Retrieve dynamically via MCP tool:
• `get_prompt_template()` – full template  
• `get_prompt_template("tool map")` – only the tool mapping section  
• `get_prompt_template("3")` – section 3 (tool map)  
• `get_prompt_template(mode="headings")` – list all section headings

Policy: Only English is stored; LLM는 사용자 질의 언어와 무관하게 영어 지침을 내부 추론용으로 사용하고, 사용자 응답은 필요 시 다국어로 생성한다.

---

## Main Tool Files

- MCP tool definitions: `src/mcp_airflow_api/airflow_api.py`
- Utility functions: `src/mcp_airflow_api/functions.py`

---

## Pagination Guide for Large Airflow Environments

### Understanding DAG Pagination

The `list_dags()` function now supports pagination to handle large Airflow environments efficiently:

**Default Behavior:**
- Returns first 100 DAGs by default
- Includes pagination metadata in response

**Pagination Response Structure:**
```json
{
  "dags": [...],
  "total_entries": 1500,
  "limit": 100,
  "offset": 0,
  "returned_count": 100,
  "has_more_pages": true,
  "next_offset": 100,
  "pagination_info": {
    "current_page": 1,
    "total_pages": 15,
    "remaining_count": 1400
  }
}
```

### Pagination Strategies

**🔍 Exploratory (Recommended for LLMs):**
```
1. list_dags() → Check first 20 DAGs
2. Use has_more_pages to determine if more exist
3. list_dags(limit=20, offset=20) → Get next 20
4. Continue as needed
```

**📊 Complete Analysis:**
```
→ Automatically fetches ALL DAGs regardless of count
```

**⚡ Quick Large Queries:**
```
list_dags(limit=500)
→ Get up to 500 DAGs in one call
```

### Best Practices

- **Small Airflow (< 50 DAGs)**: Use default `list_dags()`
- **Medium Airflow (50-500 DAGs)**: Use `list_dags(limit=100)` or `list_dags(limit=200)`  
- **Memory-conscious**: Use default limits (20) with manual pagination

---

## Logging & Observability

- Structured logs for all tool invocations and HTTP requests
- Control log level via environment variable (`AIRFLOW_LOG_LEVEL`) or CLI flag (`--log-level`)
- Supported levels: DEBUG, INFO, WARNING, ERROR, CRITICAL

---

## Roadmap

This project starts with a minimal set of essential Airflow management tools.

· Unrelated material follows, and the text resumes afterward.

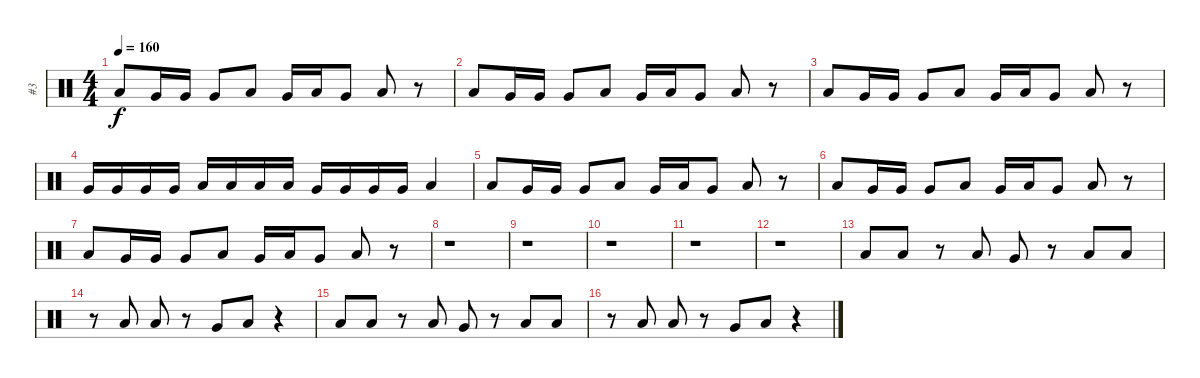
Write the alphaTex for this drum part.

Many more useful features and tools for Airflow cluster operations will be added soon, including advanced monitoring, DAG/task analytics, scheduling controls, and more. Contributions and suggestions are welcome!

---

## Additional Links

- [Code](https://github.com/call518/MCP-Airflow-API)

---

## Testing

This project includes comprehensive tests for the prompt template functionality.

### Running Tests

```bash
# Install development dependencies
uv sync

# Run all tests
uv run pytest

# Run tests with verbose output
uv run pytest -v

# Run specific test file
uv run pytest tests/test_prompt_template.py -v
```

---

## More ScreenShoots

![ScreenShot-001](img/screenshot-001.png)

![ScreenShot-002](img/screenshot-002.png)

![ScreenShot-003](img/screenshot-003.png)

![ScreenShot-004](img/screenshot-004.png)

![ScreenShot-005](img/screenshot-005.png)

![ScreenShot-006](img/screenshot-006.png)

![ScreenShot-007](img/screenshot-007.png)

![ScreenShot-008](img/screenshot-008.png)

![ScreenShot-010](img/screenshot-010.png)


---

## License

This project is licensed under the MIT License.